When ANN-Benchmarks reports that HNSW achieves 99.2% recall at QPS 5,000, the "recall" denominator is the top-K returned by flat search on the same query set. Every paper that proposes a new ANN index — IVF (Sivic & Zisserman 2003), HNSW (Malkov & Yashunin 2018), DiskANN (Subramanya et al. 2019), ScaNN (Guo et al. 2020) — measures itself against flat. There is no other ground truth, because no other algorithm gives an exact answer.
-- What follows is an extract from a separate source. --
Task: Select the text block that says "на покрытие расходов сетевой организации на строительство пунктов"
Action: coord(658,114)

This is why IndexFlatIP is the first index any serious vector DB ships and the one against which all others are evaluated.
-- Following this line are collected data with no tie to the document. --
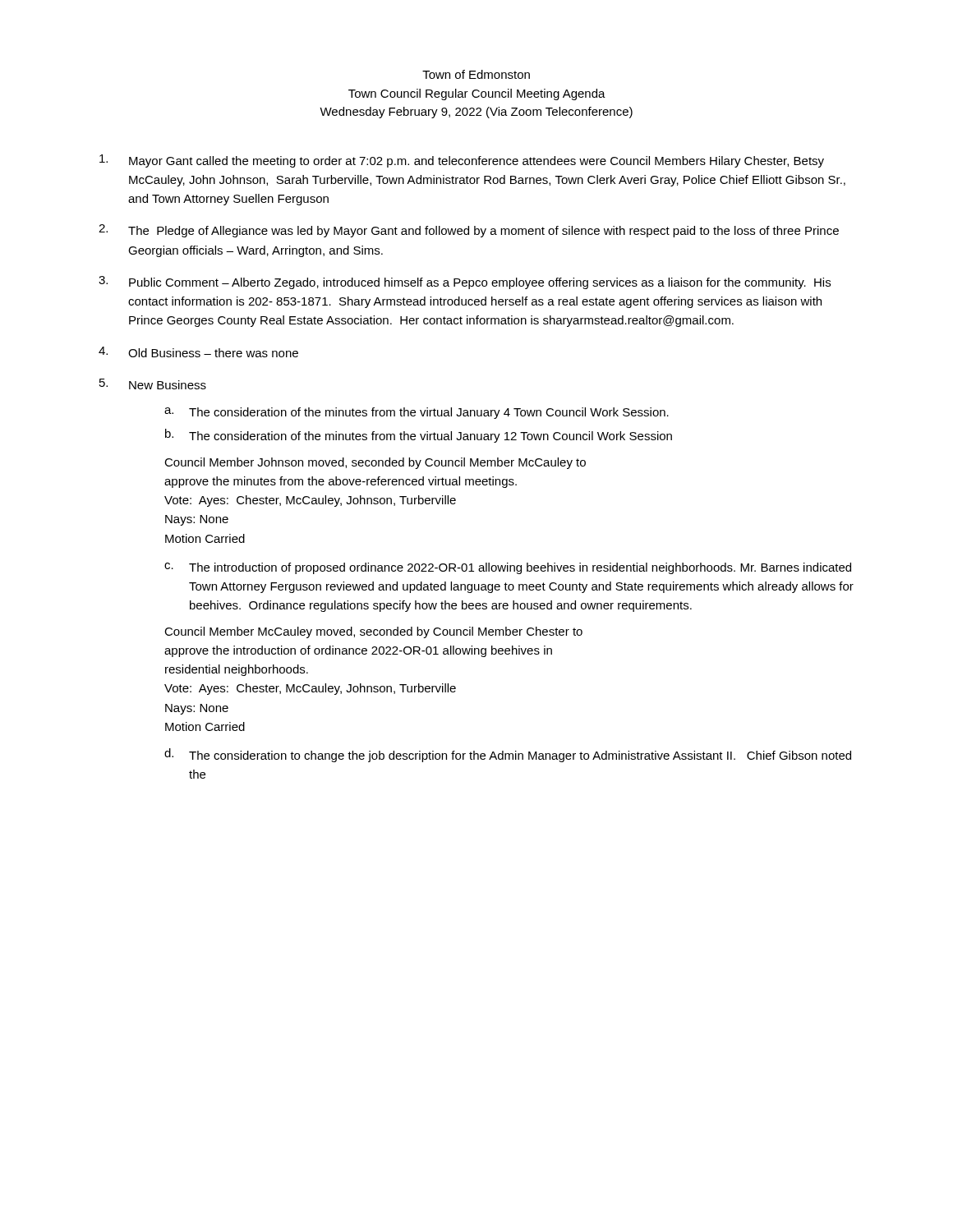This screenshot has width=953, height=1232.
Task: Select the text block starting "2. The Pledge"
Action: coord(476,240)
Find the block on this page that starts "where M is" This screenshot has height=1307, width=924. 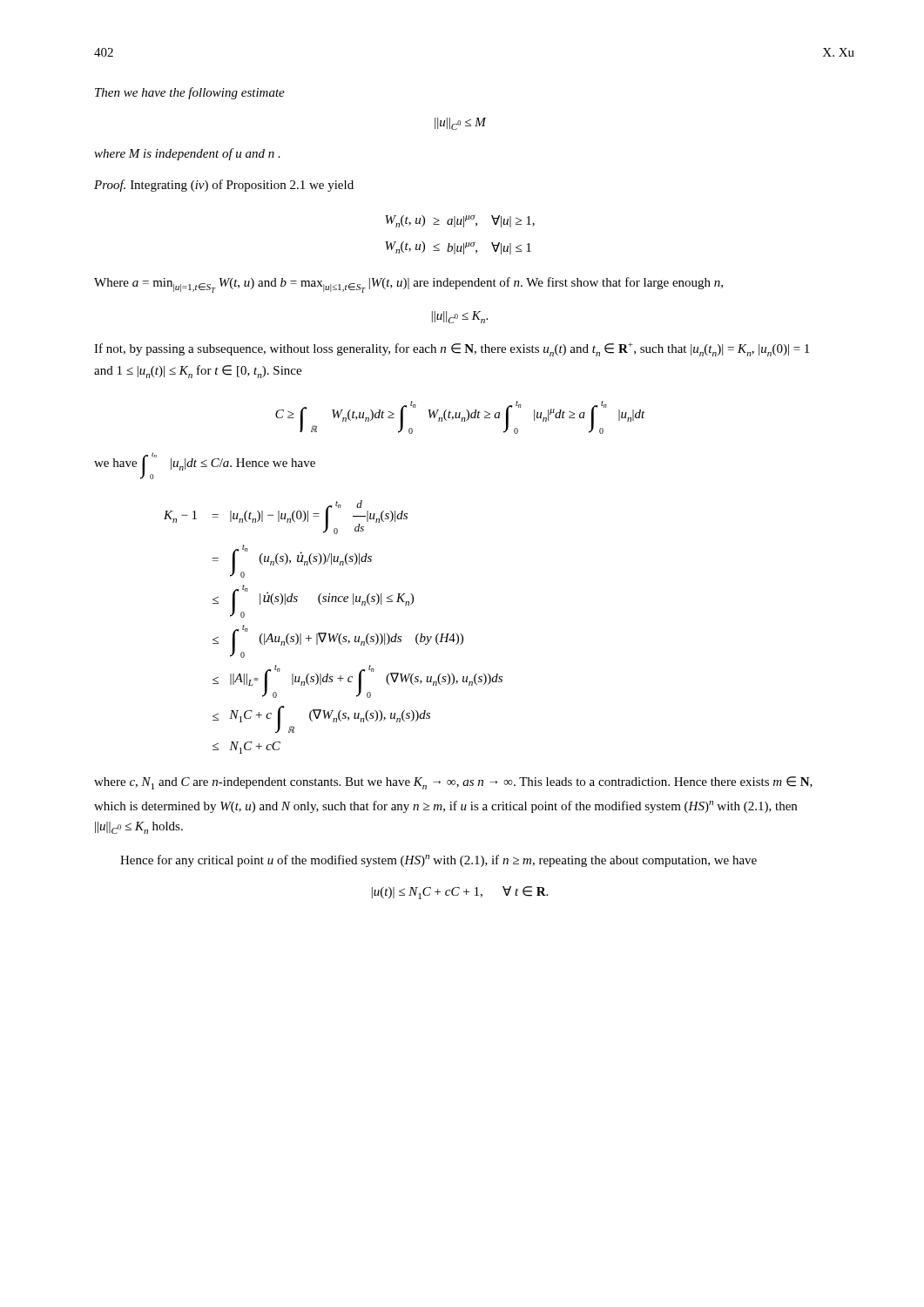pyautogui.click(x=188, y=154)
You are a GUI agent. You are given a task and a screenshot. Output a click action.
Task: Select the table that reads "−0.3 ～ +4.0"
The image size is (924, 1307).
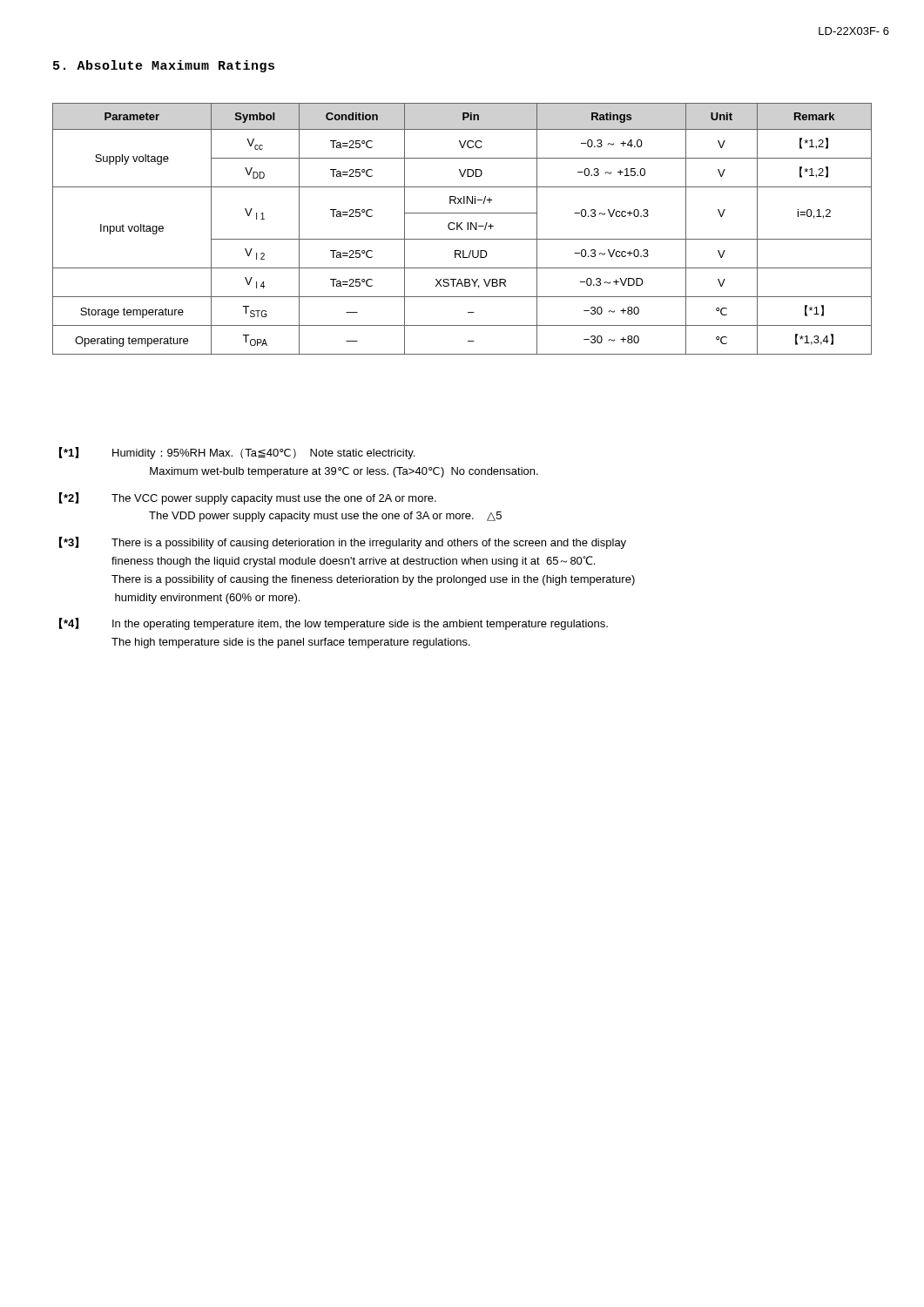(x=462, y=229)

In practice, when you build a production ANN system, you should keep a 1–5% sample of queries running against a flat index in shadow mode, and measure recall@10 against the live ANN. If recall drops below your SLO (typically 95%), you know your ANN parameters need re-tuning — usually because the data distribution has drifted. This shadow-flat pattern is what Pinecone, Weaviate, and the in-house systems at BharatBazaar and Myntra all use to monitor ANN health.
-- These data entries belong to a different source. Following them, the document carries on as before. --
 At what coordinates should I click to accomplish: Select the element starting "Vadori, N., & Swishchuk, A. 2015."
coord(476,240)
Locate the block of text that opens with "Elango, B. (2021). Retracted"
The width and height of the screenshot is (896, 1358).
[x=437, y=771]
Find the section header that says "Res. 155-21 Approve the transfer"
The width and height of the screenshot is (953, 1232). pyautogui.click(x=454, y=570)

The CPU vs GPU vs disk decision matrix

For a given catalogue size and query rate, where should flat live? A rough table from production tunings (numbers from FAISS-Flat benchmarks on commodity 2024 hardware):

Catalogue QPS target Best home for flat
< 100K vectors any CPU, single core, NumPy or pgvector no-index
100K – 5M < 50 QPS CPU with batching, FAISS IndexFlatIP
100K – 5M 50 – 5000 QPS one GPU, GpuIndexFlatIP
5M – 100M < 1000 QPS one GPU
5M – 100M > 1000 QPS sharded GPU or move to ANN
> 100M any move to PQ + IVF or DiskANN

There is no row where flat lives on disk — flat must be RAM-resident (or VRAM-resident) because every query reads the entire index. The moment your index does not fit, you are forced to a compressed or skip-based structure. That cliff is exactly where chapter 155 — DiskANN takes over.

What's next

You have the floor. Every chapter from here on is about how to skip vectors safely:

  • Chapter 153 — IVF: cluster the vectors into nlist cells; on a query, compute the query's cell and only scan a few neighbouring cells. ~10× speedup, ~95% recall.
  • Chapter 154 — HNSW: build a navigable small-world graph; on a query, greedy-walk from a top-layer entry point down to the nearest neighbour. ~100× speedup, ~98% recall, but RAM-heavy.
  • Chapter 155 — PQ and DiskANN: compress each vector from 1536 floats to 16 bytes via product quantisation; do the search on the compressed representation. 32× memory reduction with controlled recall loss. DiskANN puts the index on SSD and serves billion-vector indexes from a single machine.
  • Chapter 156 — Filtered search: combine metadata filters (category = "earbuds") with vector search. The interaction between the filter and the index is surprisingly subtle and is where most production systems lose recall silently.
  • Chapter 157 — Real systems: Pinecone, Weaviate, Milvus, Qdrant, pgvector, Elasticsearch dense_vector. Same algorithms, different operational tradeoffs.

Each of those chapters will, in its evaluation section, compare its results to what a flat scan would have returned. Flat is not the algorithm you ship at scale, but it is the algorithm against which everything else is measured.

References

  1. FAISS — Flat indexes documentation. The canonical brute-force implementation.
  2. FAISS — Faiss on the GPU. GPU-Flat and benchmark numbers for tens of millions of vectors.
  3. Pinecone — Serverless architecture overview. When the platform falls back to exact search vs. ANN.
  4. Williams & Patterson — The Roofline Model. Why flat search is bandwidth-bound.
  5. Weaviate — Vector index concepts. When to choose flat vs. HNSW in practice.
  6. Erik Bernhardsson — ANN-Benchmarks. The canonical reference for comparing flat against every ANN algorithm on standard datasets.